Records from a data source
________________________________________
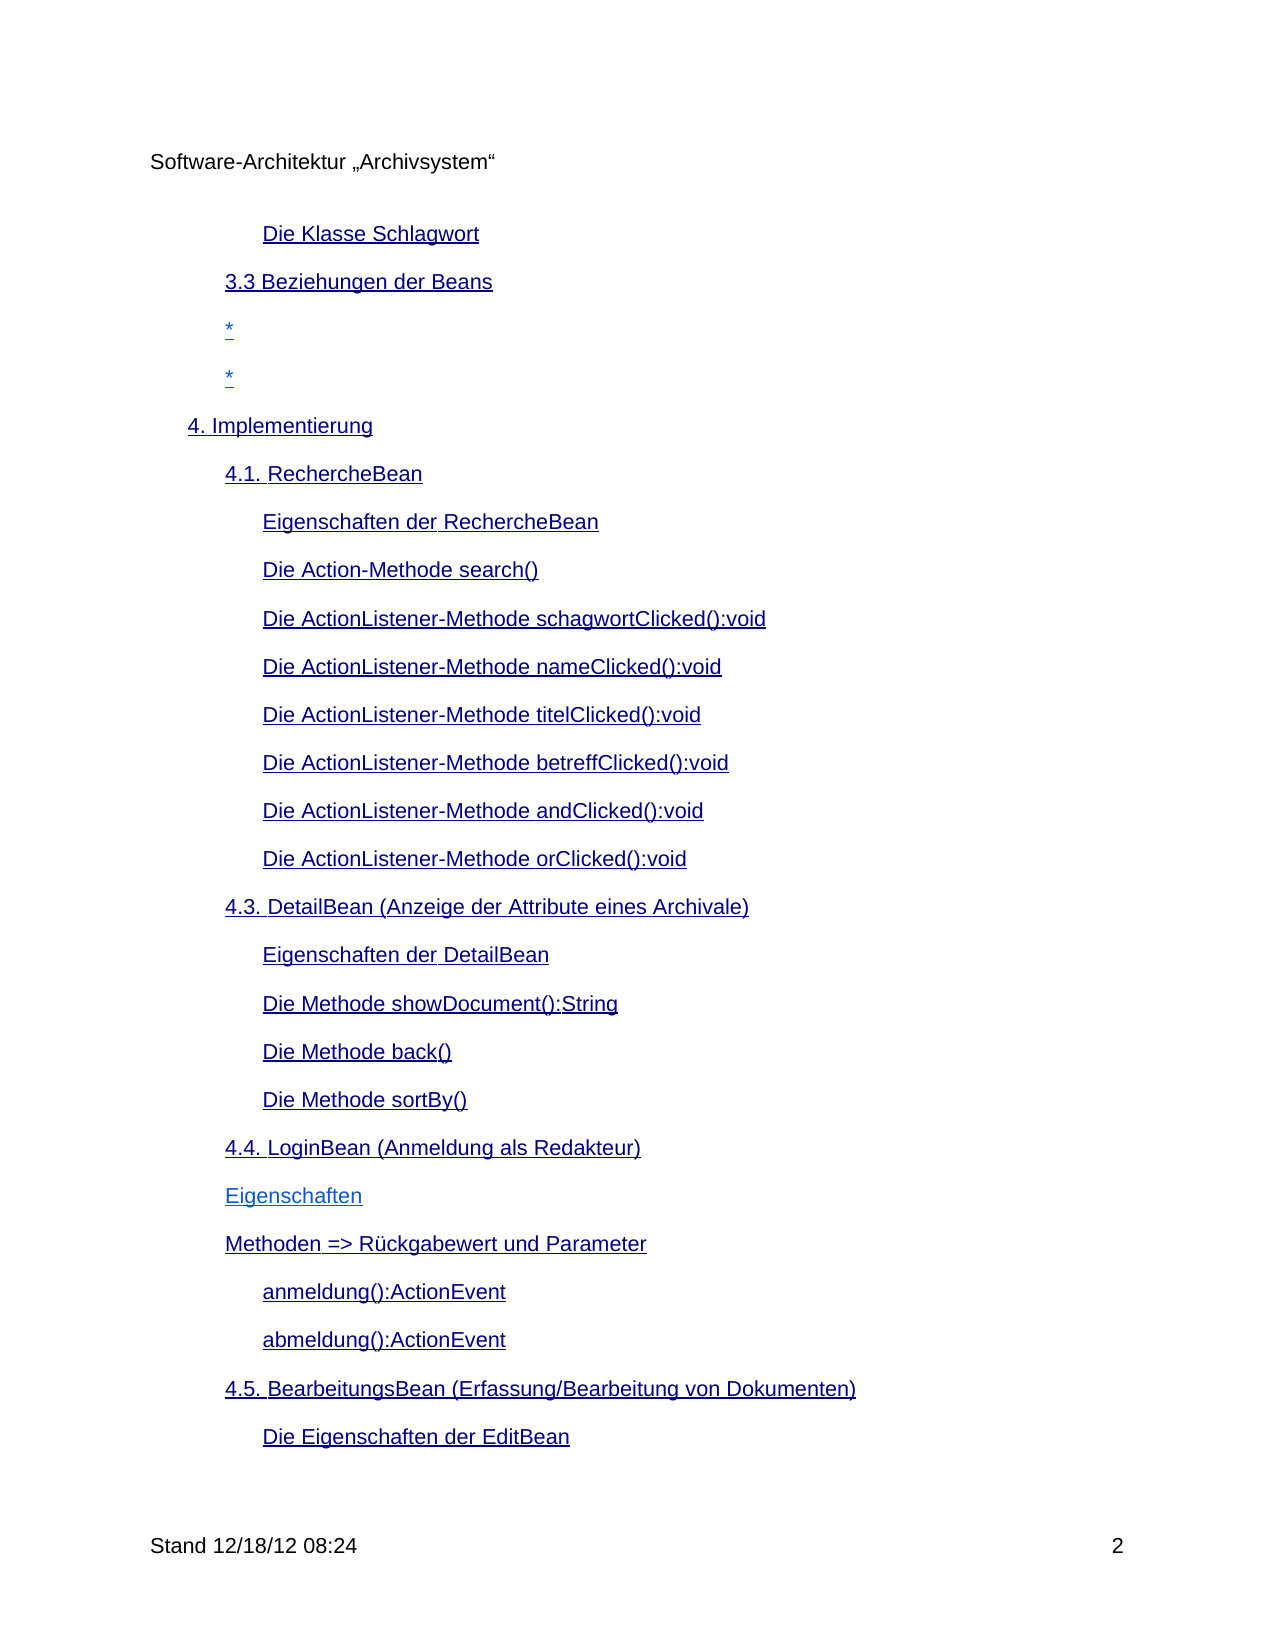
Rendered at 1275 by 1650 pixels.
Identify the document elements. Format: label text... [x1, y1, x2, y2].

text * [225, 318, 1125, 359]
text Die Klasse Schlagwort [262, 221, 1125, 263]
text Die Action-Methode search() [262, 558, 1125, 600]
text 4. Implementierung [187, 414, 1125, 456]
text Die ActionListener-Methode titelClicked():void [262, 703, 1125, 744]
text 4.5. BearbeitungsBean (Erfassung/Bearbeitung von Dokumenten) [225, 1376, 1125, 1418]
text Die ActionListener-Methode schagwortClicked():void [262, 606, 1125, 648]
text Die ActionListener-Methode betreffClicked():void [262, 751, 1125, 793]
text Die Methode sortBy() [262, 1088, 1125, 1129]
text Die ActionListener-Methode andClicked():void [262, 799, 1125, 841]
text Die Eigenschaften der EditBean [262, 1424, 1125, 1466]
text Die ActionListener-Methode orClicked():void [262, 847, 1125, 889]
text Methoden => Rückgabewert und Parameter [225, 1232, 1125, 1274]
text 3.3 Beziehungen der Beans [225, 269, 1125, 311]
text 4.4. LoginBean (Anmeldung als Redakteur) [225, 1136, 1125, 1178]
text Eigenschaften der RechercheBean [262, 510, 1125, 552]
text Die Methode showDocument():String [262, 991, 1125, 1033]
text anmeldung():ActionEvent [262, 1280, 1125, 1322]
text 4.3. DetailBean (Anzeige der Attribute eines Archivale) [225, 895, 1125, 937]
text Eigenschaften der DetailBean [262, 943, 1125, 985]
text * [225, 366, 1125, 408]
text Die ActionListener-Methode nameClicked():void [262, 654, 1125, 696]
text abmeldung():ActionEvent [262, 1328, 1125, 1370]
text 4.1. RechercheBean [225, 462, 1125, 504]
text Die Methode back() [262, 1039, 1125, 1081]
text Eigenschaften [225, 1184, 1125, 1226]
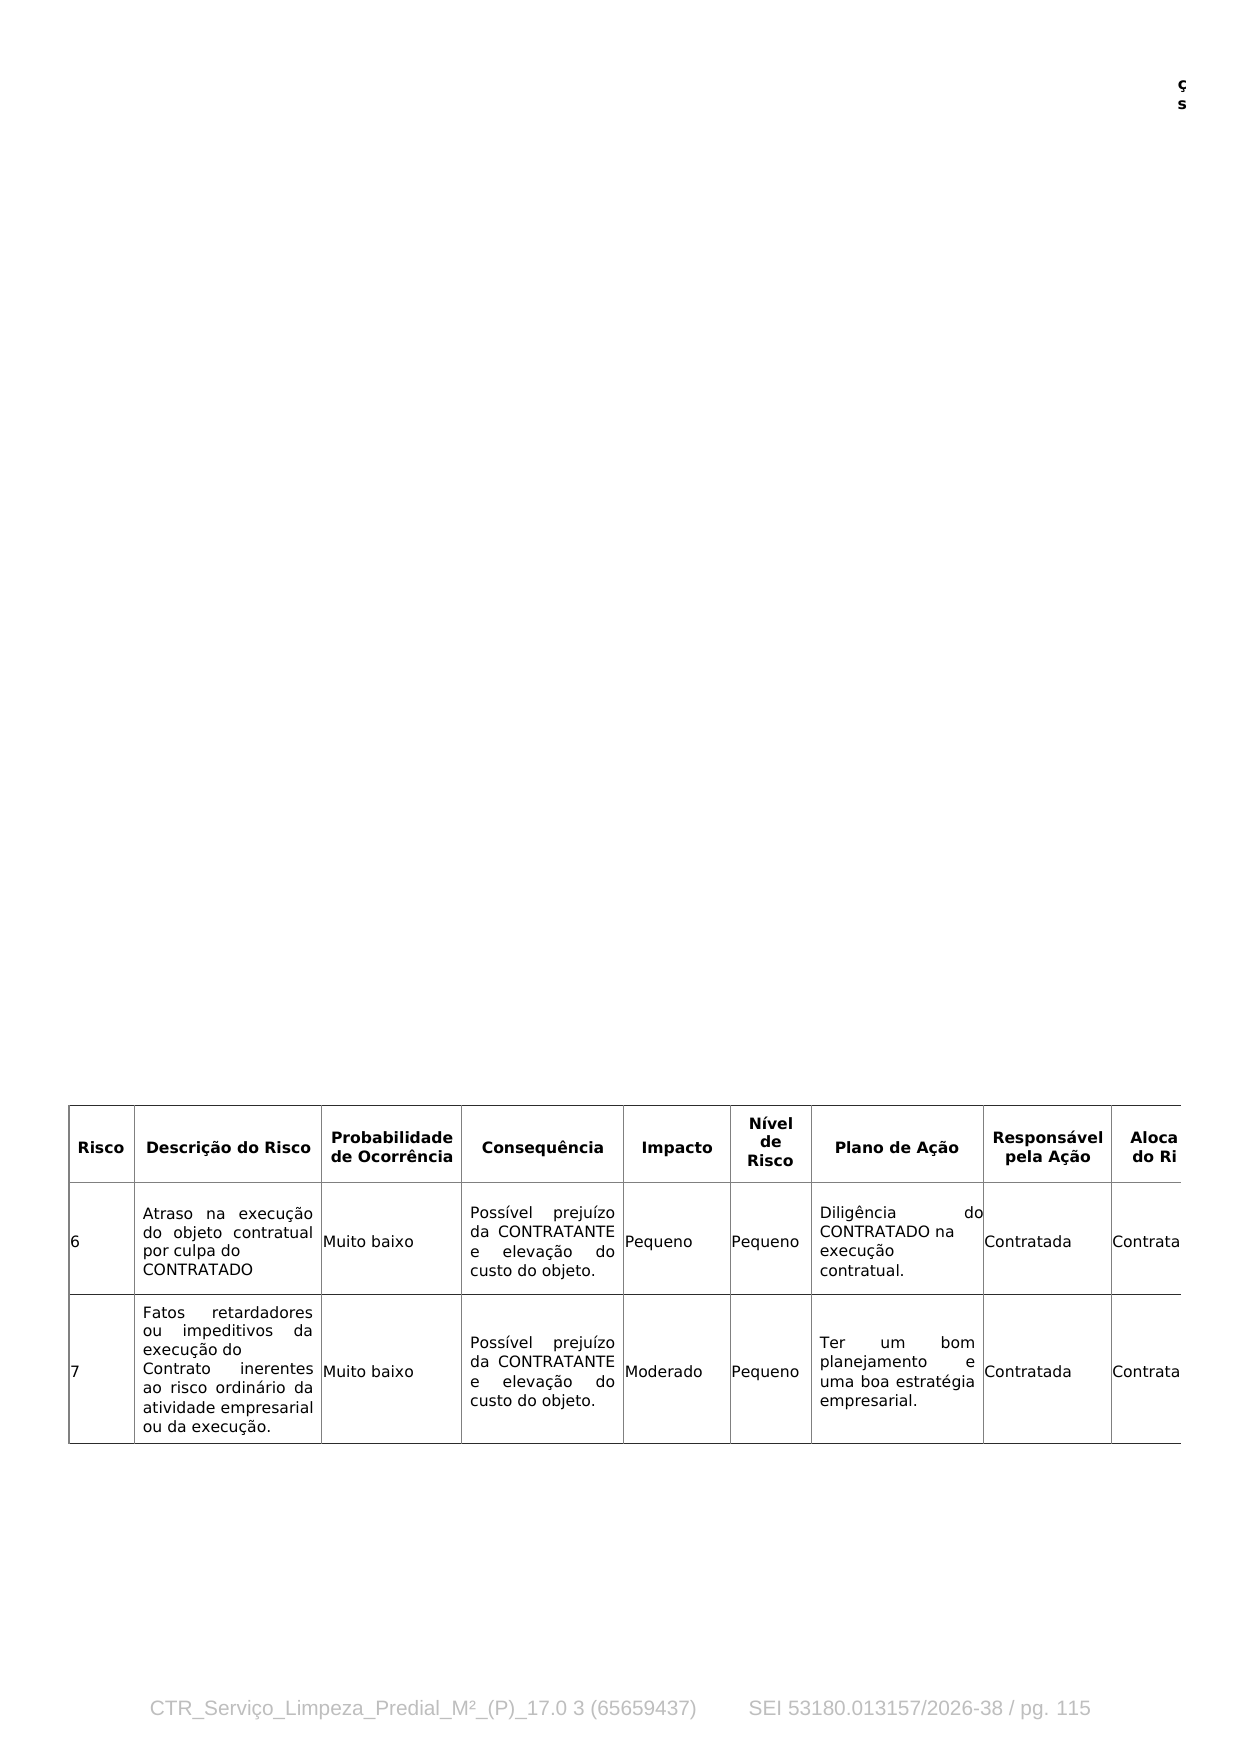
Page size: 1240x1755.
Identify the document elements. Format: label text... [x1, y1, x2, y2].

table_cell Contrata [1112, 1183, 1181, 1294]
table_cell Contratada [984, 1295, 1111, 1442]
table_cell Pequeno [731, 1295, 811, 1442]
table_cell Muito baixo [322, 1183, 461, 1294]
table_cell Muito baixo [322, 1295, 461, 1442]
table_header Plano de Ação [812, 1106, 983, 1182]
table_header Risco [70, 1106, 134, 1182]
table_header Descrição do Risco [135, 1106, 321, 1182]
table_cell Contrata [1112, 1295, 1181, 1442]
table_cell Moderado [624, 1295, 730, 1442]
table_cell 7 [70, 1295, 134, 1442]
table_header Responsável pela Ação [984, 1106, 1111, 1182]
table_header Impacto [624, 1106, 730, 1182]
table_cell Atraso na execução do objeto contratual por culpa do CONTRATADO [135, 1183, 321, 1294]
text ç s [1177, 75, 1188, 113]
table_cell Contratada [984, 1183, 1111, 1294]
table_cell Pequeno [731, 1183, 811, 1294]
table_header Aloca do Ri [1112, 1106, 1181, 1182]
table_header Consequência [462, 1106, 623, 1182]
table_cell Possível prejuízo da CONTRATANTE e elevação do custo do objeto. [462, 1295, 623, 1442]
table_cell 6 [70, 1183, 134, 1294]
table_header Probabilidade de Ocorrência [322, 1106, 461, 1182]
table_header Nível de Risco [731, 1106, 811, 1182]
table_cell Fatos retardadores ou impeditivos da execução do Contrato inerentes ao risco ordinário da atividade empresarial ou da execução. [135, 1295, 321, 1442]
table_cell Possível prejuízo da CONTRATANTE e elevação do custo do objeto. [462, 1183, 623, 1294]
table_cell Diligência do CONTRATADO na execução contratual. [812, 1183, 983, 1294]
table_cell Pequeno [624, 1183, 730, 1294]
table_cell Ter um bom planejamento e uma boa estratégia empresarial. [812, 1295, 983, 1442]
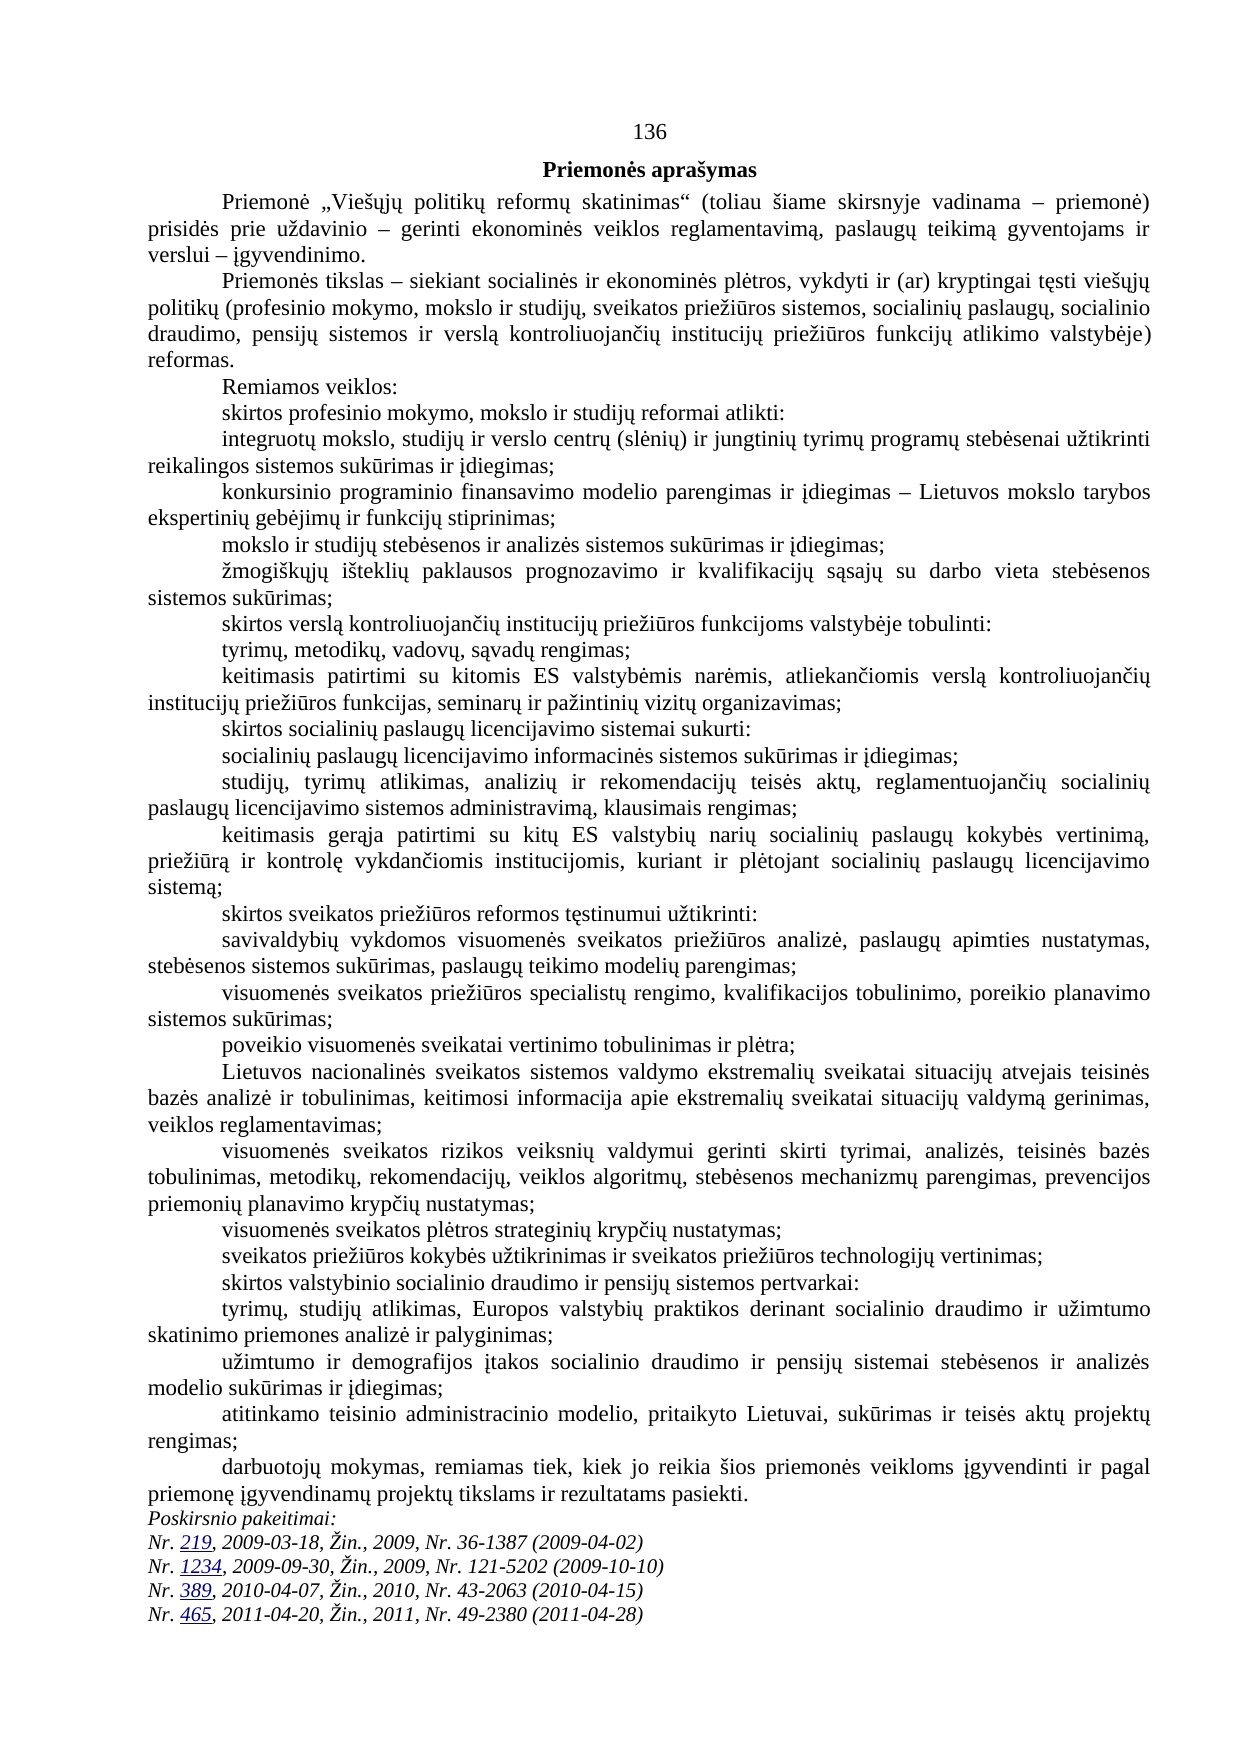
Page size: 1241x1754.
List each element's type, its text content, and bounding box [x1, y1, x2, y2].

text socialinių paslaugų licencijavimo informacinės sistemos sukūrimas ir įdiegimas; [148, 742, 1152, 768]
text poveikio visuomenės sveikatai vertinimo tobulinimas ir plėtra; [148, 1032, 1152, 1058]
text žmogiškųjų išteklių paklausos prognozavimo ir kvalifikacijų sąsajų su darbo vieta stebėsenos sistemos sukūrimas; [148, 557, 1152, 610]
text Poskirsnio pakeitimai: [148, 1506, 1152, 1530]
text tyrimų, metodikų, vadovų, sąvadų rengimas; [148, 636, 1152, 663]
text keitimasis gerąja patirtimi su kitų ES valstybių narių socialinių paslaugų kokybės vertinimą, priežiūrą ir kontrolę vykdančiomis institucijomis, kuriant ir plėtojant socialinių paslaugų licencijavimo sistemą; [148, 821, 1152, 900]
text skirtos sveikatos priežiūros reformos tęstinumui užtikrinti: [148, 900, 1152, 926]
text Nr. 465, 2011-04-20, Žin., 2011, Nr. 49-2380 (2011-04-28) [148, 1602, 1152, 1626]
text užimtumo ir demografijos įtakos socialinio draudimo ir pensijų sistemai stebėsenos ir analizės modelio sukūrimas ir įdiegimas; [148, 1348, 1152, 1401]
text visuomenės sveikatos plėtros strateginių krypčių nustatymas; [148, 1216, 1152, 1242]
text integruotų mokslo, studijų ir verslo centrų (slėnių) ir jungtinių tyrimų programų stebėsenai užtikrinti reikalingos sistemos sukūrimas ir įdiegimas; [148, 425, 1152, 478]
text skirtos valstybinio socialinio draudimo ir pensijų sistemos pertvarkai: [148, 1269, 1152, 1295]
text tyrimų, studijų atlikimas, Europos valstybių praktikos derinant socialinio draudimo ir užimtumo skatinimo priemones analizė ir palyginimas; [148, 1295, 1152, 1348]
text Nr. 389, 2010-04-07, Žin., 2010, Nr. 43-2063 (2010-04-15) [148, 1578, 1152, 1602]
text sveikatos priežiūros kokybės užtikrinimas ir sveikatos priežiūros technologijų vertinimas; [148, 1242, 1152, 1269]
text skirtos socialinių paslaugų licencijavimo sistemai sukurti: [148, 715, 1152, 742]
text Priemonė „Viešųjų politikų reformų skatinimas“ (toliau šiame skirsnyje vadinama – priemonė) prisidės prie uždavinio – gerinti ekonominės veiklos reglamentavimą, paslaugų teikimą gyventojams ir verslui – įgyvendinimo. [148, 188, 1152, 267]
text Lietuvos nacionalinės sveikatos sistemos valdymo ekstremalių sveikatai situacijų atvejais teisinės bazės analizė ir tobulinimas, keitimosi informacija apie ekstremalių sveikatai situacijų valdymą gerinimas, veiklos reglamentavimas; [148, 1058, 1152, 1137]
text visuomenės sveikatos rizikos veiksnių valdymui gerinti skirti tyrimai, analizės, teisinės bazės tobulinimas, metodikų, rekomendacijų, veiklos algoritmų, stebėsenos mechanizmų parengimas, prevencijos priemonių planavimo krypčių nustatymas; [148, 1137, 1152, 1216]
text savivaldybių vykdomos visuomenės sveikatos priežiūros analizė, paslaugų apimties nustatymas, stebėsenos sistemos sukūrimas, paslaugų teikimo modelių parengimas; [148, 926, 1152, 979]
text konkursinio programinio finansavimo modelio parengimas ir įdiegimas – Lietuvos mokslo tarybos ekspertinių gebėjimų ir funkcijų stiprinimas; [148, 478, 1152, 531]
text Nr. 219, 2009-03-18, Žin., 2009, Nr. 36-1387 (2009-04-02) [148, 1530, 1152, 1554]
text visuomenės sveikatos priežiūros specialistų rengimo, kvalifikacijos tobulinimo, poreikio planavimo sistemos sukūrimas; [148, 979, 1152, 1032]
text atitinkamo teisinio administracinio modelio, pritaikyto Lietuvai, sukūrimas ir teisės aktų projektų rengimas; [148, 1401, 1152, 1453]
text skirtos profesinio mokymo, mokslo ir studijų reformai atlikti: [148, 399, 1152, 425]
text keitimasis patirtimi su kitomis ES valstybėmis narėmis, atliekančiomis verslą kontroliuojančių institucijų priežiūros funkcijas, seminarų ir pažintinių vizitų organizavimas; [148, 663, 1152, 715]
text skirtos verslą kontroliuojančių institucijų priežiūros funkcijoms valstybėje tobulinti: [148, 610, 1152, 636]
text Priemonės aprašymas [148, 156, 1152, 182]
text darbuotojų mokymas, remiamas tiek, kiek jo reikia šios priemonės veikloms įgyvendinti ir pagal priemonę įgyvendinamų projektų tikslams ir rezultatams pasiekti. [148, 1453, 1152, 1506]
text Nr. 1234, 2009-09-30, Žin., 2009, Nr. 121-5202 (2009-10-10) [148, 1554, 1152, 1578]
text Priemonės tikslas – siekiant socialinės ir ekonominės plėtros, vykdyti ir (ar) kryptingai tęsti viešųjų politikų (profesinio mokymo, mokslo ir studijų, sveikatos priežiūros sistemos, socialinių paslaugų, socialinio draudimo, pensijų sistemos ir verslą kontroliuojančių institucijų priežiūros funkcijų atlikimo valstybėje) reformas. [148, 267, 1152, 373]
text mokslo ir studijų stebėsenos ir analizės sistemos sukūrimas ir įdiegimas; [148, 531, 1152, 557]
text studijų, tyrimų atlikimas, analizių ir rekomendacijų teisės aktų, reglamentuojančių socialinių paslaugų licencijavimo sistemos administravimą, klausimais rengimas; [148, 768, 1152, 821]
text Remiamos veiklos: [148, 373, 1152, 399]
________________________________________
TASK OBJECTIVE: Quote exactly and only the lines from the one holding "text Priemonės tikslas" through the end of the data.

EXERCISE OUTPUT:
text Priemonės tikslas – siekiant socialinės ir ekonominės plėtros, vykdyti ir (ar) kryptingai tęsti viešųjų politikų (profesinio mokymo, mokslo ir studijų, sveikatos priežiūros sistemos, socialinių paslaugų, socialinio draudimo, pensijų sistemos ir verslą kontroliuojančių institucijų priežiūros funkcijų atlikimo valstybėje) reformas. [148, 267, 1152, 373]
text mokslo ir studijų stebėsenos ir analizės sistemos sukūrimas ir įdiegimas; [148, 531, 1152, 557]
text studijų, tyrimų atlikimas, analizių ir rekomendacijų teisės aktų, reglamentuojančių socialinių paslaugų licencijavimo sistemos administravimą, klausimais rengimas; [148, 768, 1152, 821]
text Remiamos veiklos: [148, 373, 1152, 399]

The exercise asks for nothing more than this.